Scarecrow Pete is no ordinary scarecrow! He's a straw-filled dreamer who uses books to transport himself to new places. When a young visitor stumbles upon Pete one sunny summer afternoon, he learns how magical reading can be. Together they devour book after book, meeting classic characters, delighting in new experiences and exploring new lands.
One day a boy hears a voice while working outside in his garden. He searches high and low and discovers that the voice belongs to his family's scarecrow. The scarecrow's name is Pete and he teaches the boy about the joys of reading. The boy and Pete spend all summer reading the old books in the Scarecrow's beat up suitcase. They read many classics together, Moby Dick, Neverland, Little House on the Prairie, The Secret Garden, The Wizard of Oz, Alice in Wonderland, Mary Poppins, Huckleberry Finn, and many others.
The book was a cute book but I felt it was a little too wordy. The illustrations are fun. The story is great and the message of the importance of reading and traveling through books. I tried reading this to my 4 year old and my 2 year old and they lost interest quickly.
haha Creepy, a talking Scarecrow, but I guess no more creepy than a talking snow man called Bob. lol This scarecrow opens the world of books to a little boy that wasn't very interested in books. The illustrations are a bit like greeting cards.
A delightful book for fall reading, "Scarecrow Pete" is appropriate for reading aloud, silent reading and will spark discussions about the books mentioned in the story.

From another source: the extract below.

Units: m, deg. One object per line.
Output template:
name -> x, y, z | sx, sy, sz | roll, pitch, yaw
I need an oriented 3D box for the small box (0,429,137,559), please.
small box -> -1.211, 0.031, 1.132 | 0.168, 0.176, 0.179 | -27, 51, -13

The love of reading and books can be discovered at any age, but it usually happens in childhood. Some kids grow up in a house full of books with parents that read to them at bedtime, while others struggle to understand the words on the page and the freedom that comes from being able to read. For one boy, a summer spent in the family garden was enough to get him interested in books and he developed a life-long love of books with the help of "Scarecrow Pete."
"Scarecrow Pete," is a wonderful story about the joy and adventure that can be discovered by opening a book and losing oneself in the pages. Although the rhyming text doesn't always flow smoothly, it can be overlooked because of the message it gives to readers and those just discovering books. The watercolor illustrations remind one of the browns, greens, russets and golds that are often found in a garden and the over-sized pages provide plenty to look at if the book is being read aloud to a child not yet reading on their own.
Wow. Another book written by Mark Kimball Moulton that I absolutely adore. If you read to your kids at night, you will love this as well. This story is about a boy who befriends his talking scarecrow and sits and reads books with him all throughout the fall. It focuses on how stories whisk you on different adventures. It is a really lovely book with rhyming that flows easily - it never feels like he's trying. The illustrations are beautiful and soft as with all his other books.
He also makes reference to Snowman Bob! I thought that was utterly genius! Make sure you read that story before you read this one.
My favorite is Reindeer Christmas, but Scarecrow Pete is my close second. The Snowman Bob and Snowgirl Sue are also really good - but Scarecrow Pete and Reindeer Christmas as just wonderful.
I'm disappointed that we've read all the books from Moulton that the library has in stock - he's written a lot more. I may have to just get them off amazon - I believe they'd be well worth the price.
Nice pictures and has a very pro-reading message. A boy befriends a scarecrow who shares with him the joys of reading. "You can do most anything, meet anyone you please, travel anywhere you like, and do it all with ease. Just find a place that's comfortable- a nice, warm, cozy nook- and lose yourself amoung the pages of a favorite book!" Although the story takes place over the course of a summer, the illustrations were very fall-like to me.
Recommended to me by a kindergarten colleague of mine, this fall book written in verse is for the book lover in us all. -"And after every story, every book that we'd devour, we'd sit back with each other, and we'd laugh and chat for hours. Sometimes we both agreed on what the story was about. Other times we disagreed. Sometimes we were in doubt. And sometimes we would just enjoy the book for what it was-a simple, little story written 'only just because.'"
A boy meets a scarecrow with a suitcase full of books and they spend the summer reading together. The boy learns to love books and reading. Many of the titles they read together are classics but may not appeal to most kids.
Pete encourages reading. There is a box of books beneath where he is hanging. It contains the classics and Pete and the boy read them and go on adventures. I liked the synopsis of the stories used in the book. What a wonderful idea!
I actually got this as a gift from one of the classrooms I did one of my student teaching field studies in, but never read it to a group of students until today. I was actually surprised by how enchanted my students were by the rhymes and the message.
Verbose and cluttered, this book loses its attempted wit in page after page of stretched, forced prose. The moral of the story is nice, if it can keep its audience interested long enough to hear it.